▶ **Your objective**
The answer must be an exact copy of the records, with every picture removed.

▶ **Source data**
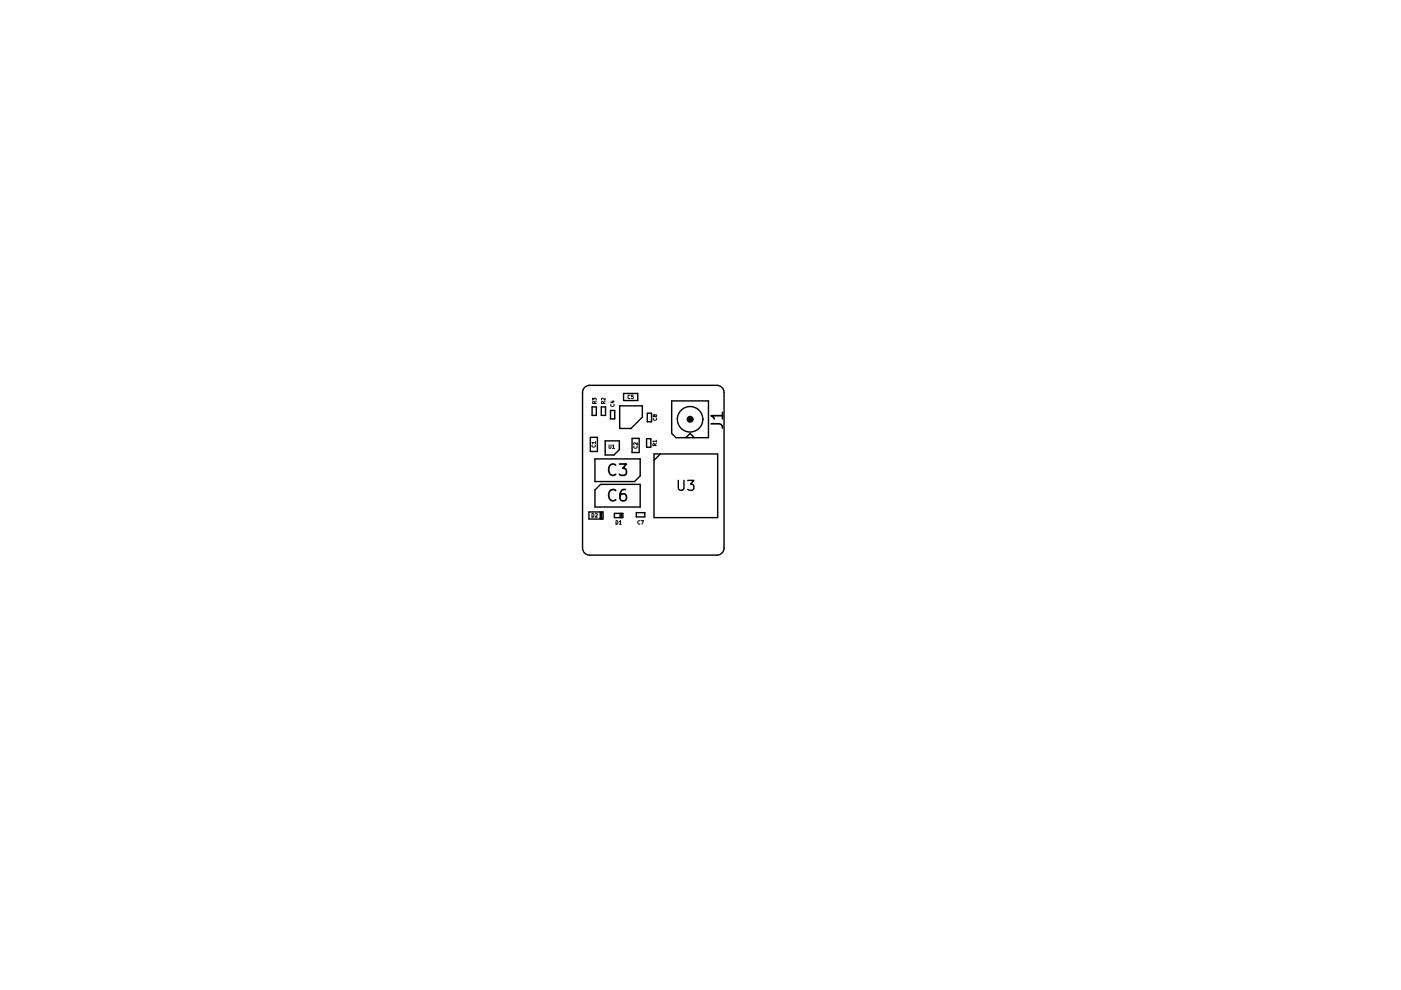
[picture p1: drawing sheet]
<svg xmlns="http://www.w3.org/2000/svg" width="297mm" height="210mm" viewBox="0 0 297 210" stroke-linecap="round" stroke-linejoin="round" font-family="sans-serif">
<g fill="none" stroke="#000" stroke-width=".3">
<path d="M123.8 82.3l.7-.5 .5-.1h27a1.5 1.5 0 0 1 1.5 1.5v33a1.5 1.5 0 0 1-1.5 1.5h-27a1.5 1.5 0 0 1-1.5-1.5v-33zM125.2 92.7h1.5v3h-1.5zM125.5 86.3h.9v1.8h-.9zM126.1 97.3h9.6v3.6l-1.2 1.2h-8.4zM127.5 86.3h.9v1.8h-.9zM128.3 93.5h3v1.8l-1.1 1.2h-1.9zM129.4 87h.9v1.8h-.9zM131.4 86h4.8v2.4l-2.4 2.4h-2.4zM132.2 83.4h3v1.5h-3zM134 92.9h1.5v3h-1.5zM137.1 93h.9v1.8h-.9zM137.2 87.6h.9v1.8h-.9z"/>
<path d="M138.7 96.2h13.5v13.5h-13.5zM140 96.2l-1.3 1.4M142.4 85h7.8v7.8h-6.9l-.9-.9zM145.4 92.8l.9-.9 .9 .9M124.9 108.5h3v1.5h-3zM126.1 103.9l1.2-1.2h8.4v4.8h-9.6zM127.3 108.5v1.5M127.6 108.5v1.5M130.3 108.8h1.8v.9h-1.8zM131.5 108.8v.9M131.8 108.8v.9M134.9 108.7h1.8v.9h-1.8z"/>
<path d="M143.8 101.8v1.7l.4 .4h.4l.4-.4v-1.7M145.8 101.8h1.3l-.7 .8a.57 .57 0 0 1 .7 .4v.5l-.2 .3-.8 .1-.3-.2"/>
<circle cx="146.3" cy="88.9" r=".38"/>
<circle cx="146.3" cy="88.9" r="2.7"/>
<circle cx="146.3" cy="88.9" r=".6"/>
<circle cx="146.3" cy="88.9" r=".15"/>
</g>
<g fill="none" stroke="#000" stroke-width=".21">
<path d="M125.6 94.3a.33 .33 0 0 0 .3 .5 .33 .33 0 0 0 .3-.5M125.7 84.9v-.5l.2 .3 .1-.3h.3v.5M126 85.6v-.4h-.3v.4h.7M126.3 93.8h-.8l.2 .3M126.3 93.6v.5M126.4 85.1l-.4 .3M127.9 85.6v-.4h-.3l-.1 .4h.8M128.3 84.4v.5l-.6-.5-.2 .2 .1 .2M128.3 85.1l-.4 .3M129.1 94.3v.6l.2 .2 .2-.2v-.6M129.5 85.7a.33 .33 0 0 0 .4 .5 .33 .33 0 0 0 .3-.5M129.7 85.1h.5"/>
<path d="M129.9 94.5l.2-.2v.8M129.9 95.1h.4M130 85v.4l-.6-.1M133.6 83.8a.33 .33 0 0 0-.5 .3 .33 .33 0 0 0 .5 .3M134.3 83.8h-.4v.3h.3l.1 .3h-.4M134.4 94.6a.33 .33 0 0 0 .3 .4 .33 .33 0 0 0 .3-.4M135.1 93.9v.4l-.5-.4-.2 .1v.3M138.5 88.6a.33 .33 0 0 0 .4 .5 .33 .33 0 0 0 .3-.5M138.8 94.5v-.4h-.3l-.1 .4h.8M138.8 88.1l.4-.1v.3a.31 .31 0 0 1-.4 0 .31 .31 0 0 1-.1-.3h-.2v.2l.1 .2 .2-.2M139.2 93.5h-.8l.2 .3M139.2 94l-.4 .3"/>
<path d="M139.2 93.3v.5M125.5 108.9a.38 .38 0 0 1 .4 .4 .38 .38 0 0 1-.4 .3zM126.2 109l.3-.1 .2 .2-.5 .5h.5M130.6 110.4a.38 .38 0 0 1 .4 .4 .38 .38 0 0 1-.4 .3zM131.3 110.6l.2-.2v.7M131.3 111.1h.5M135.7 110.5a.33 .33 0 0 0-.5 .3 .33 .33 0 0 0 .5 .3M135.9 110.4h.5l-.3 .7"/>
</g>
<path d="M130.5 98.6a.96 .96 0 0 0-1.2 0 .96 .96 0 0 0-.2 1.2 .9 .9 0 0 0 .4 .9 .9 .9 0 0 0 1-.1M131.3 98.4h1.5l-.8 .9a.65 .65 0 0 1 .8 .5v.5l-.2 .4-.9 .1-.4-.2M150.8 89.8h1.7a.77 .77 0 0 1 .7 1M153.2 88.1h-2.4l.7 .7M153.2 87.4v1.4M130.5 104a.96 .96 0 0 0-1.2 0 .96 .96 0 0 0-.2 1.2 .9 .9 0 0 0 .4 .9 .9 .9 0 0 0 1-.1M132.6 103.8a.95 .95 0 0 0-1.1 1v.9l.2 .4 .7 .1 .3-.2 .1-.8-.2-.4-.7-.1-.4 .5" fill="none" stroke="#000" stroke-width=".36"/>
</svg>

▶ **Task solution**
[picture p1: drawing sheet]
<svg xmlns="http://www.w3.org/2000/svg" width="297mm" height="210mm" viewBox="0 0 297 210" stroke-linecap="round" stroke-linejoin="round" font-family="sans-serif">
<g fill="none" stroke="#000" stroke-width=".3">
<path d="M123.8 82.3l.7-.5 .5-.1h27a1.5 1.5 0 0 1 1.5 1.5v33a1.5 1.5 0 0 1-1.5 1.5h-27a1.5 1.5 0 0 1-1.5-1.5v-33zM125.2 92.7h1.5v3h-1.5zM125.5 86.3h.9v1.8h-.9zM126.1 97.3h9.6v3.6l-1.2 1.2h-8.4zM127.5 86.3h.9v1.8h-.9zM128.3 93.5h3v1.8l-1.1 1.2h-1.9zM129.4 87h.9v1.8h-.9zM131.4 86h4.8v2.4l-2.4 2.4h-2.4zM132.2 83.4h3v1.5h-3zM134 92.9h1.5v3h-1.5zM137.1 93h.9v1.8h-.9zM137.2 87.6h.9v1.8h-.9z"/>
<path d="M138.7 96.2h13.5v13.5h-13.5zM140 96.2l-1.3 1.4M142.4 85h7.8v7.8h-6.9l-.9-.9zM145.4 92.8l.9-.9 .9 .9M124.9 108.5h3v1.5h-3zM126.1 103.9l1.2-1.2h8.4v4.8h-9.6zM127.3 108.5v1.5M127.6 108.5v1.5M130.3 108.8h1.8v.9h-1.8zM131.5 108.8v.9M131.8 108.8v.9M134.9 108.7h1.8v.9h-1.8z"/>
<path d="M143.8 101.8v1.7l.4 .4h.4l.4-.4v-1.7M145.8 101.8h1.3l-.7 .8a.57 .57 0 0 1 .7 .4v.5l-.2 .3-.8 .1-.3-.2"/>
<circle cx="146.3" cy="88.9" r=".38"/>
<circle cx="146.3" cy="88.9" r="2.7"/>
<circle cx="146.3" cy="88.9" r=".6"/>
<circle cx="146.3" cy="88.9" r=".15"/>
</g>
<g fill="none" stroke="#000" stroke-width=".21">
<path d="M125.6 94.3a.33 .33 0 0 0 .3 .5 .33 .33 0 0 0 .3-.5M125.7 84.9v-.5l.2 .3 .1-.3h.3v.5M126 85.6v-.4h-.3v.4h.7M126.3 93.8h-.8l.2 .3M126.3 93.6v.5M126.4 85.1l-.4 .3M127.9 85.6v-.4h-.3l-.1 .4h.8M128.3 84.4v.5l-.6-.5-.2 .2 .1 .2M128.3 85.1l-.4 .3M129.1 94.3v.6l.2 .2 .2-.2v-.6M129.5 85.7a.33 .33 0 0 0 .4 .5 .33 .33 0 0 0 .3-.5M129.7 85.1h.5"/>
<path d="M129.9 94.5l.2-.2v.8M129.9 95.1h.4M130 85v.4l-.6-.1M133.6 83.8a.33 .33 0 0 0-.5 .3 .33 .33 0 0 0 .5 .3M134.3 83.8h-.4v.3h.3l.1 .3h-.4M134.4 94.6a.33 .33 0 0 0 .3 .4 .33 .33 0 0 0 .3-.4M135.1 93.9v.4l-.5-.4-.2 .1v.3M138.5 88.6a.33 .33 0 0 0 .4 .5 .33 .33 0 0 0 .3-.5M138.8 94.5v-.4h-.3l-.1 .4h.8M138.8 88.1l.4-.1v.3a.31 .31 0 0 1-.4 0 .31 .31 0 0 1-.1-.3h-.2v.2l.1 .2 .2-.2M139.2 93.5h-.8l.2 .3M139.2 94l-.4 .3"/>
<path d="M139.2 93.3v.5M125.5 108.9a.38 .38 0 0 1 .4 .4 .38 .38 0 0 1-.4 .3zM126.2 109l.3-.1 .2 .2-.5 .5h.5M130.6 110.4a.38 .38 0 0 1 .4 .4 .38 .38 0 0 1-.4 .3zM131.3 110.6l.2-.2v.7M131.3 111.1h.5M135.7 110.5a.33 .33 0 0 0-.5 .3 .33 .33 0 0 0 .5 .3M135.9 110.4h.5l-.3 .7"/>
</g>
<path d="M130.5 98.6a.96 .96 0 0 0-1.2 0 .96 .96 0 0 0-.2 1.2 .9 .9 0 0 0 .4 .9 .9 .9 0 0 0 1-.1M131.3 98.4h1.5l-.8 .9a.65 .65 0 0 1 .8 .5v.5l-.2 .4-.9 .1-.4-.2M150.8 89.8h1.7a.77 .77 0 0 1 .7 1M153.2 88.1h-2.4l.7 .7M153.2 87.4v1.4M130.5 104a.96 .96 0 0 0-1.2 0 .96 .96 0 0 0-.2 1.2 .9 .9 0 0 0 .4 .9 .9 .9 0 0 0 1-.1M132.6 103.8a.95 .95 0 0 0-1.1 1v.9l.2 .4 .7 .1 .3-.2 .1-.8-.2-.4-.7-.1-.4 .5" fill="none" stroke="#000" stroke-width=".36"/>
</svg>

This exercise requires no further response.